Provided information Block Start

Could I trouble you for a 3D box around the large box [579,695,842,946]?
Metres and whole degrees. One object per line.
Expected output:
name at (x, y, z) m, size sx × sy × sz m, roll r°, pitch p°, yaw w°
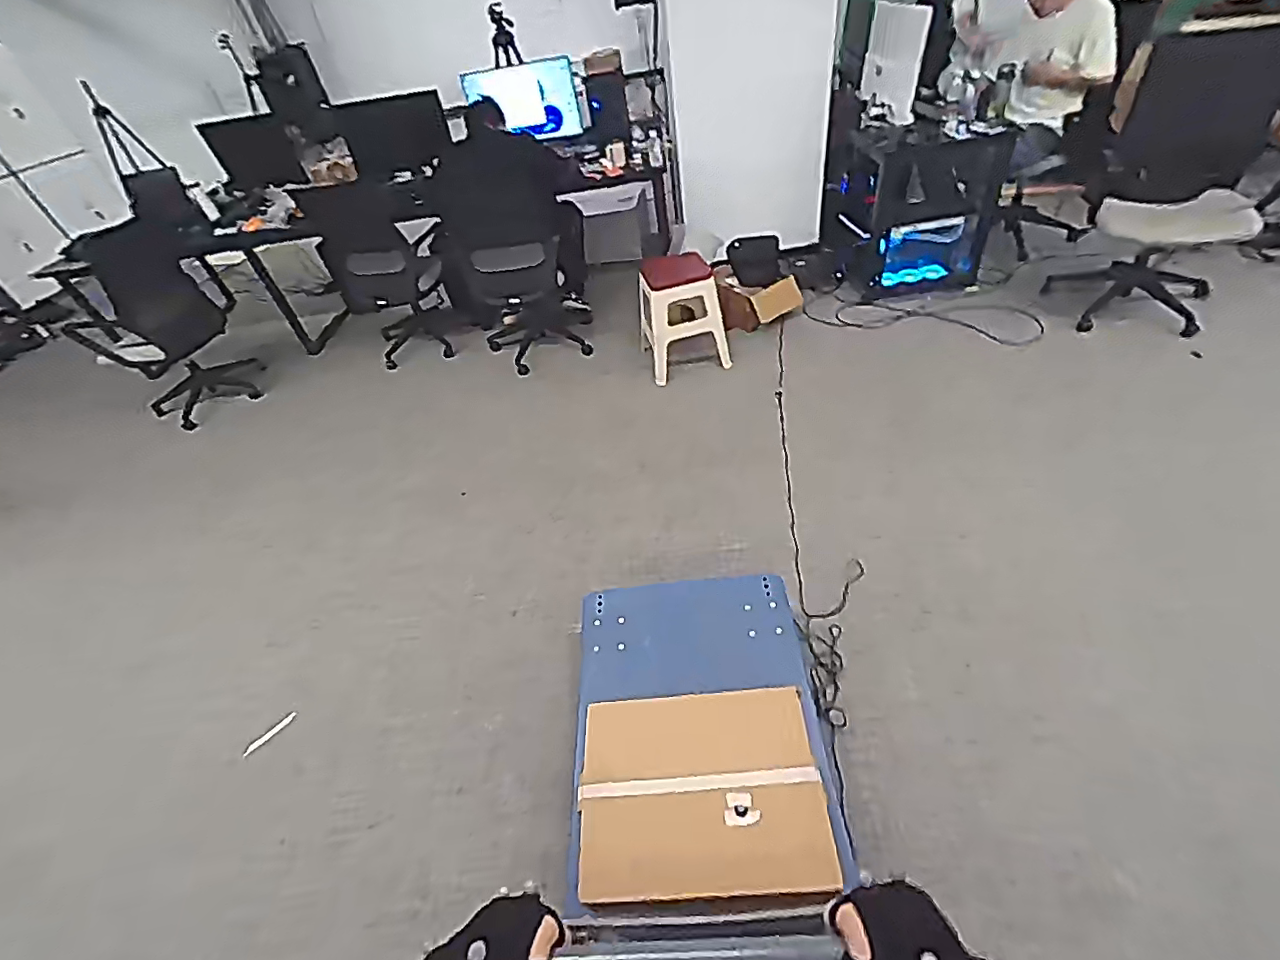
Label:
large box at (0.115, 0.638, 1.010) m, size 0.408 × 0.320 × 0.320 m, roll -7°, pitch 44°, yaw 4°
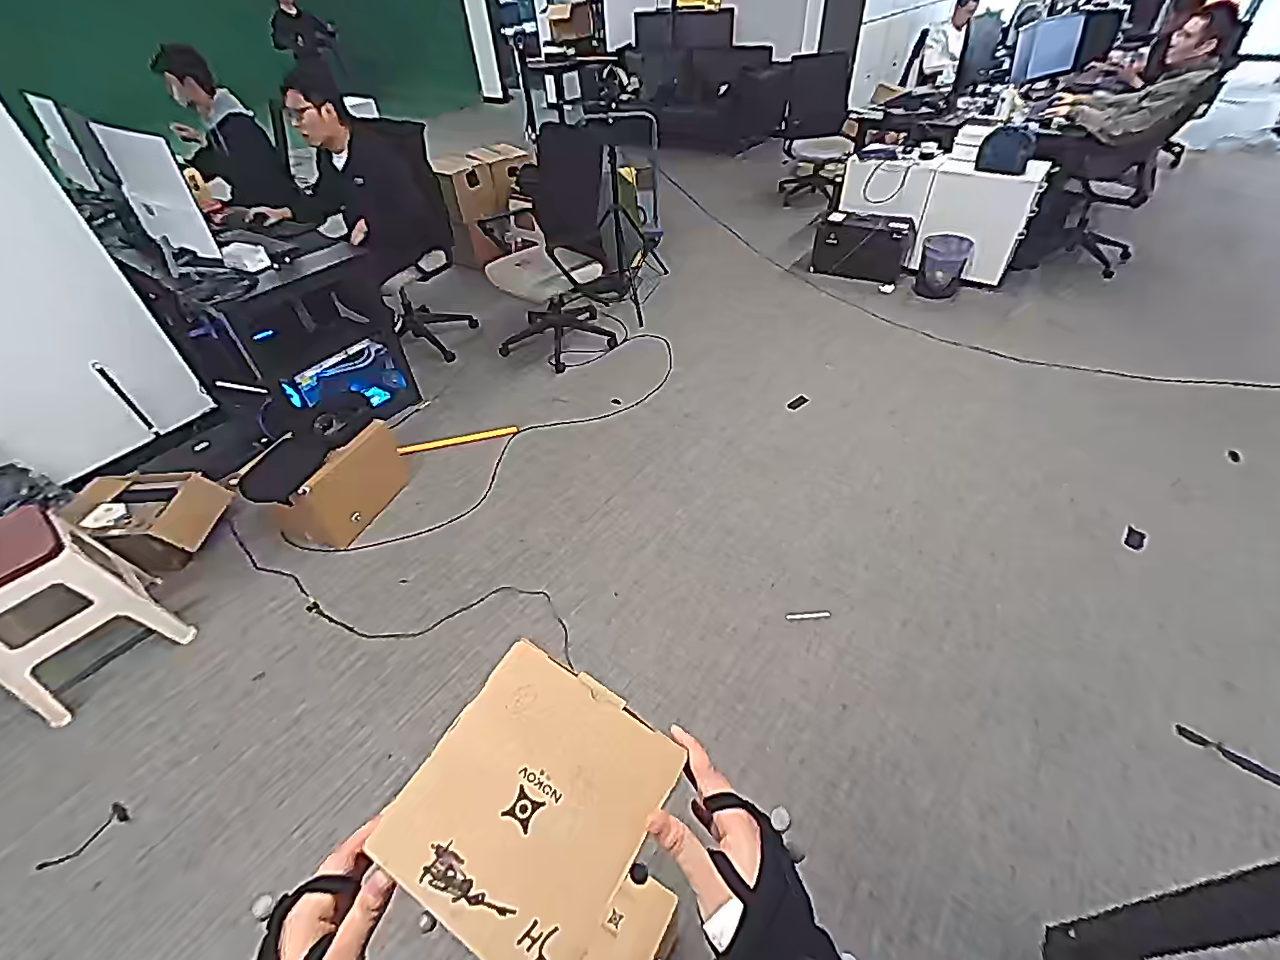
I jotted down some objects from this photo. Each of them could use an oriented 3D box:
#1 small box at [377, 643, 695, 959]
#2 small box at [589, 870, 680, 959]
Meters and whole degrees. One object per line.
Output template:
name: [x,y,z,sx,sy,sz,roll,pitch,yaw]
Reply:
small box: [-0.073,0.277,0.457,0.168,0.176,0.179,28,58,19]
small box: [-0.036,0.822,0.982,0.168,0.176,0.179,21,47,23]
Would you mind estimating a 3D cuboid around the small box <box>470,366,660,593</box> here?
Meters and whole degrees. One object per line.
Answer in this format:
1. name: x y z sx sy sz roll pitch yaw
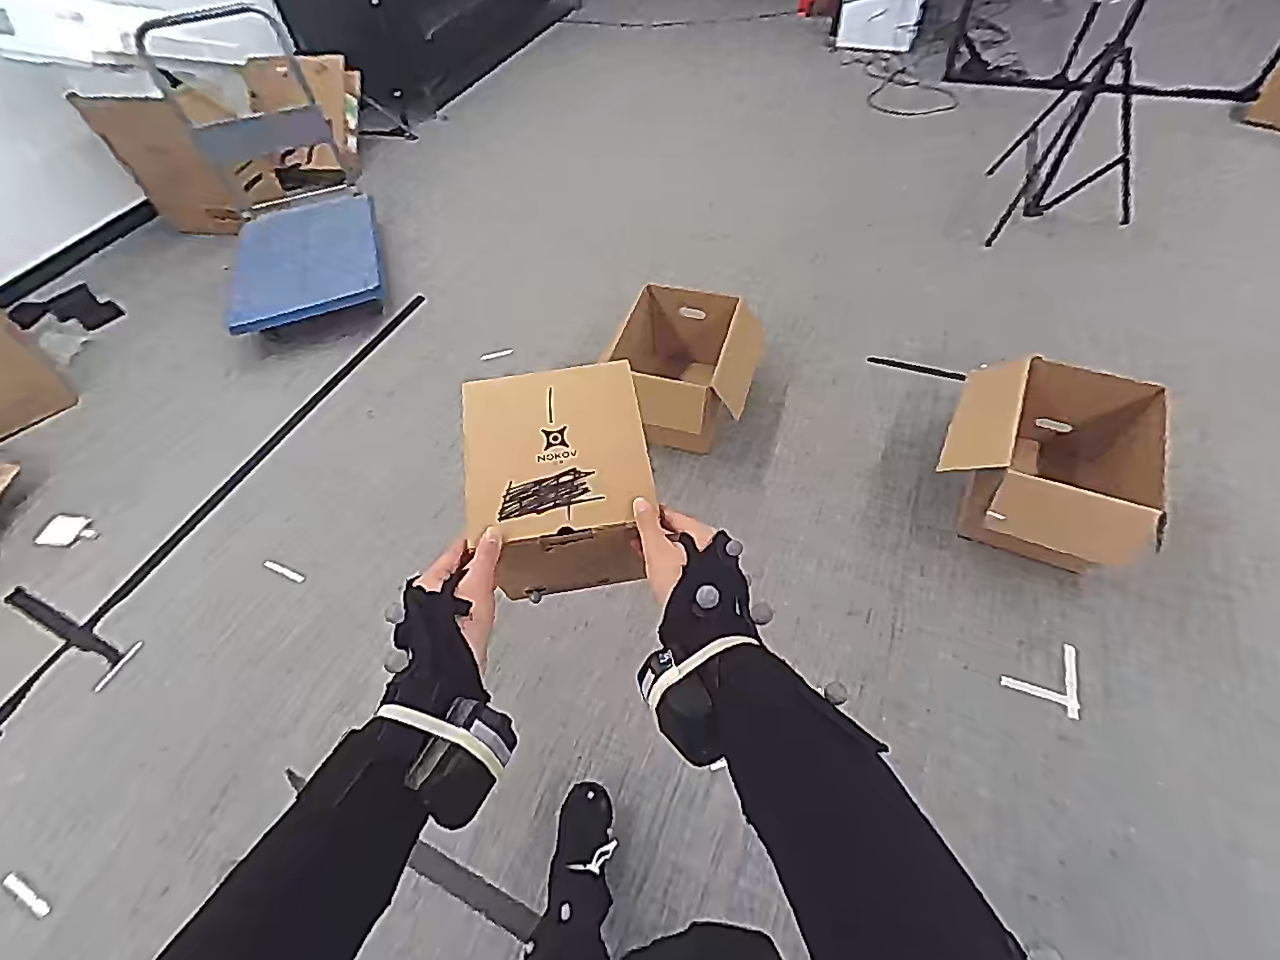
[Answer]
1. small box: -0.073 0.010 0.568 0.168 0.176 0.179 -9 62 -4
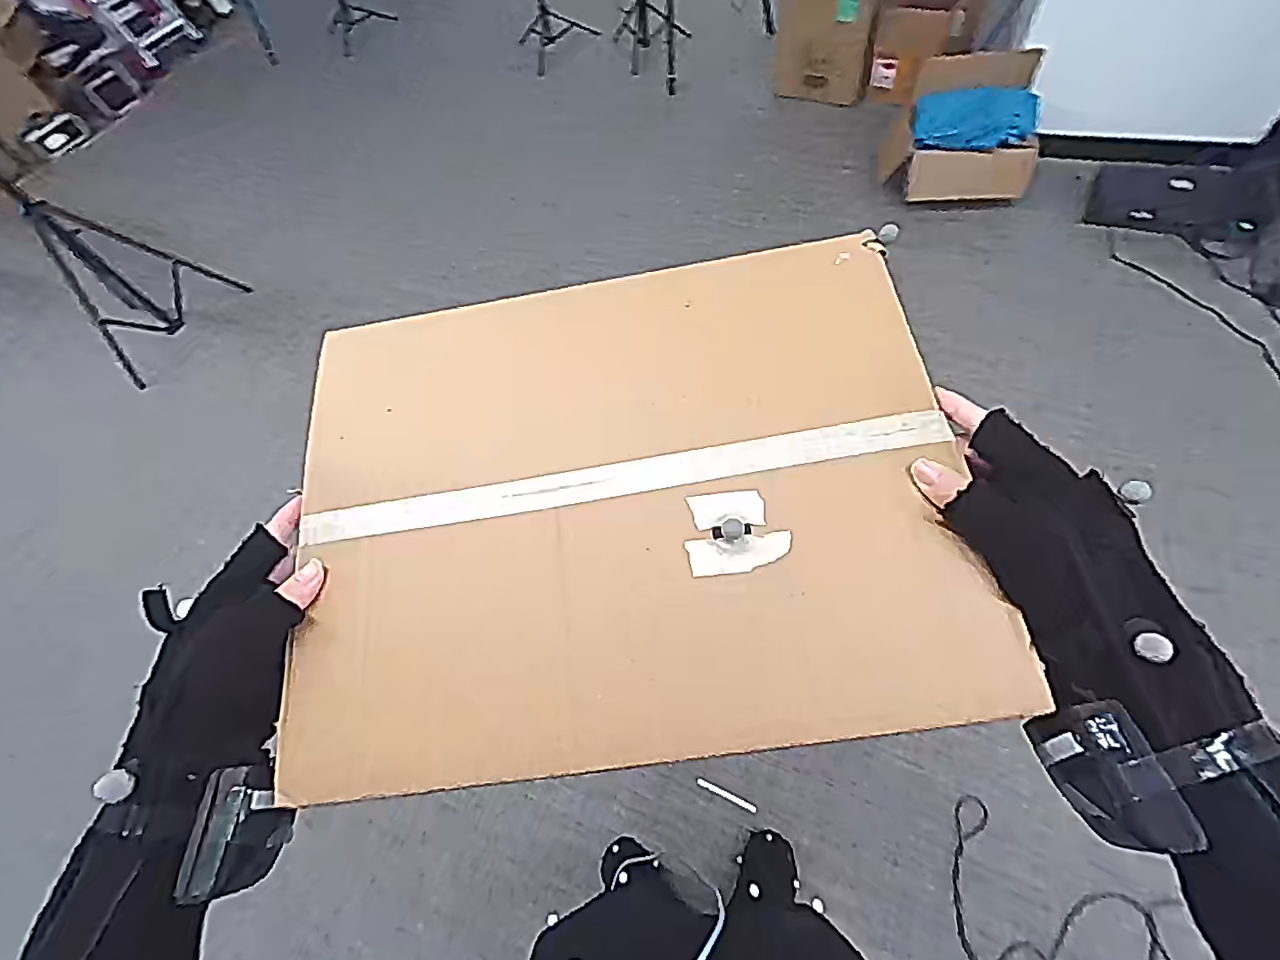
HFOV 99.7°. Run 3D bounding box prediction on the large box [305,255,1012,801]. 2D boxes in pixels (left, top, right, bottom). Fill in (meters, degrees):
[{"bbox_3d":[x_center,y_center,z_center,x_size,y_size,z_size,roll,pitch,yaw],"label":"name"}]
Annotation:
[{"bbox_3d":[-0.001,0.062,0.488,0.408,0.320,0.320,-10,68,3],"label":"large box"}]
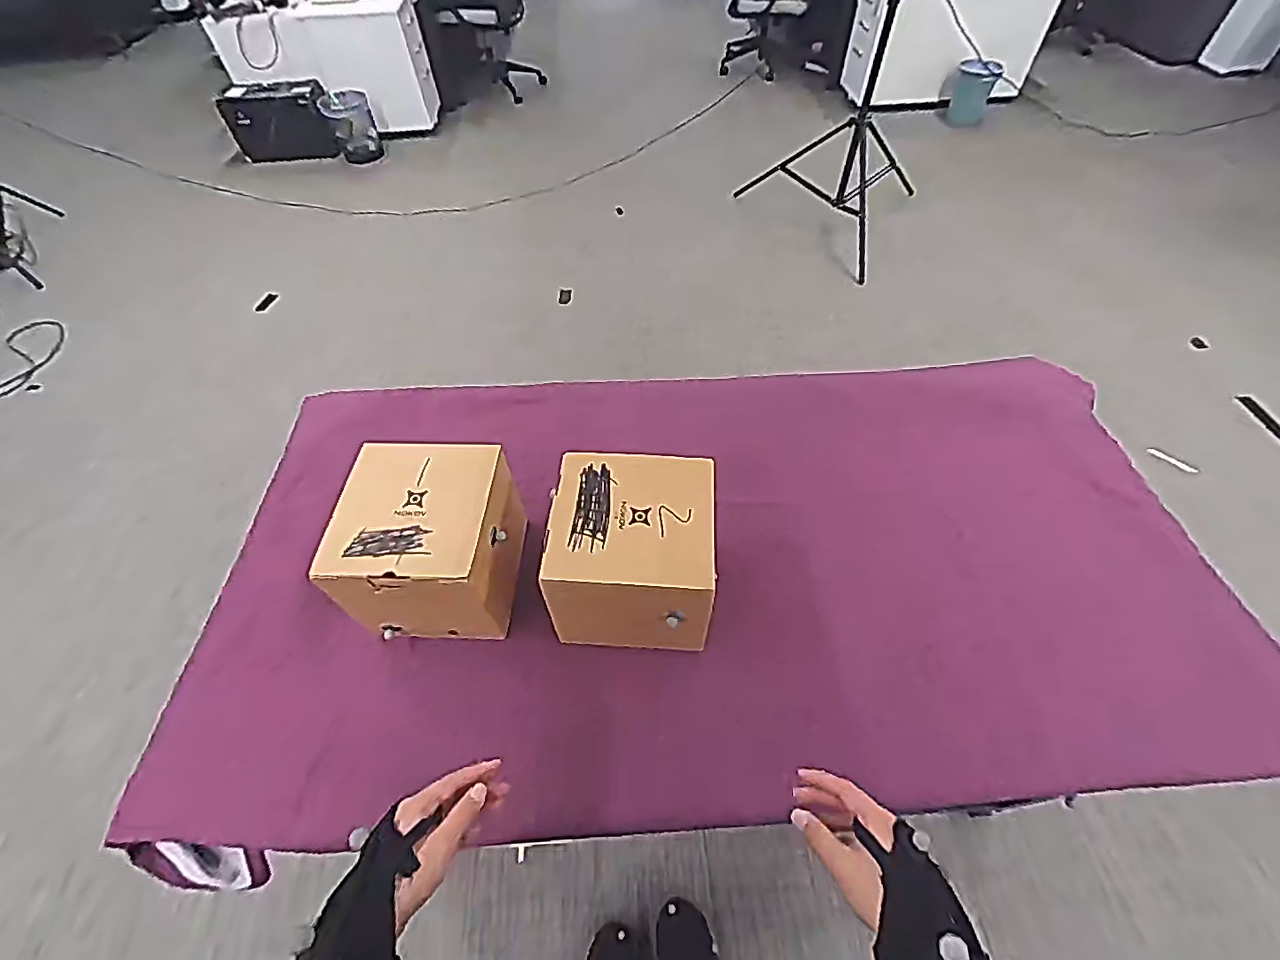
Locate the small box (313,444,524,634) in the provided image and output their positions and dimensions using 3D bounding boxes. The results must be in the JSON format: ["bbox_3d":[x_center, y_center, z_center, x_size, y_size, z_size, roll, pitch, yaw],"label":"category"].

Provided information Block End

▶ Instructions for the task
Give back the data exactly. Pictures stay out.

▶ Solution to this problem
Could I trouble you for a 3D box around the large box [579,695,842,946]?
Metres and whole degrees. One object per line.
Expected output:
name at (x, y, z) m, size sx × sy × sz m, roll r°, pitch p°, yaw w°
Label:
large box at (0.115, 0.638, 1.010) m, size 0.408 × 0.320 × 0.320 m, roll -7°, pitch 44°, yaw 4°
I jotted down some objects from this photo. Each of them could use an oriented 3D box:
#1 small box at [377, 643, 695, 959]
#2 small box at [589, 870, 680, 959]
Meters and whole degrees. One object per line.
Output template:
name: [x,y,z,sx,sy,sz,roll,pitch,yaw]
Reply:
small box: [-0.073,0.277,0.457,0.168,0.176,0.179,28,58,19]
small box: [-0.036,0.822,0.982,0.168,0.176,0.179,21,47,23]
Would you mind estimating a 3D cuboid around the small box <box>470,366,660,593</box> here?
Meters and whole degrees. One object per line.
Answer in this format:
1. name: x y z sx sy sz roll pitch yaw
[Answer]
1. small box: -0.073 0.010 0.568 0.168 0.176 0.179 -9 62 -4
HFOV 99.7°. Run 3D bounding box prediction on the large box [305,255,1012,801]. 2D boxes in pixels (left, top, right, bottom). Fill in (meters, degrees):
[{"bbox_3d":[x_center,y_center,z_center,x_size,y_size,z_size,roll,pitch,yaw],"label":"name"}]
Annotation:
[{"bbox_3d":[-0.001,0.062,0.488,0.408,0.320,0.320,-10,68,3],"label":"large box"}]
Locate the small box (313,444,524,634) in the provided image and output their positions and dimensions using 3D bounding boxes. The results must be in the JSON format: ["bbox_3d":[x_center, y_center, z_center, x_size, y_size, z_size, roll, pitch, yaw],"label":"category"].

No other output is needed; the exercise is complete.